#### [Assignment]
No pictures in the copy. Write out the listing below exactly.

══ Supplied records

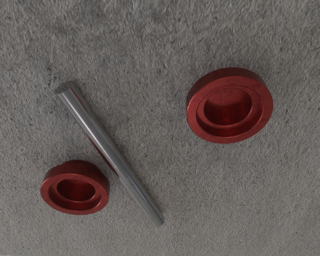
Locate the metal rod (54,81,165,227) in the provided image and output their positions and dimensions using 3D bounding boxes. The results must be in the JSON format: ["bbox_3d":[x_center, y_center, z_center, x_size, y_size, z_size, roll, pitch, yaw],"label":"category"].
[{"bbox_3d":[-0.058,0.058,0.455,0.025,0.025,0.299,-17,128,14],"label":"metal rod"}]

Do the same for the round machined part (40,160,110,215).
[{"bbox_3d":[-0.125,0.086,0.468,0.099,0.042,0.097,0,130,0],"label":"round machined part"}]

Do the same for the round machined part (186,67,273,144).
[{"bbox_3d":[0.080,-0.030,0.371,0.099,0.042,0.097,0,130,0],"label":"round machined part"}]

════

#### [Written reply]
Locate the metal rod (54,81,165,227) in the provided image and output their positions and dimensions using 3D bounding boxes. The results must be in the JSON format: ["bbox_3d":[x_center, y_center, z_center, x_size, y_size, z_size, roll, pitch, yaw],"label":"category"].
[{"bbox_3d":[-0.058,0.058,0.455,0.025,0.025,0.299,-17,128,14],"label":"metal rod"}]

Do the same for the round machined part (40,160,110,215).
[{"bbox_3d":[-0.125,0.086,0.468,0.099,0.042,0.097,0,130,0],"label":"round machined part"}]

Do the same for the round machined part (186,67,273,144).
[{"bbox_3d":[0.080,-0.030,0.371,0.099,0.042,0.097,0,130,0],"label":"round machined part"}]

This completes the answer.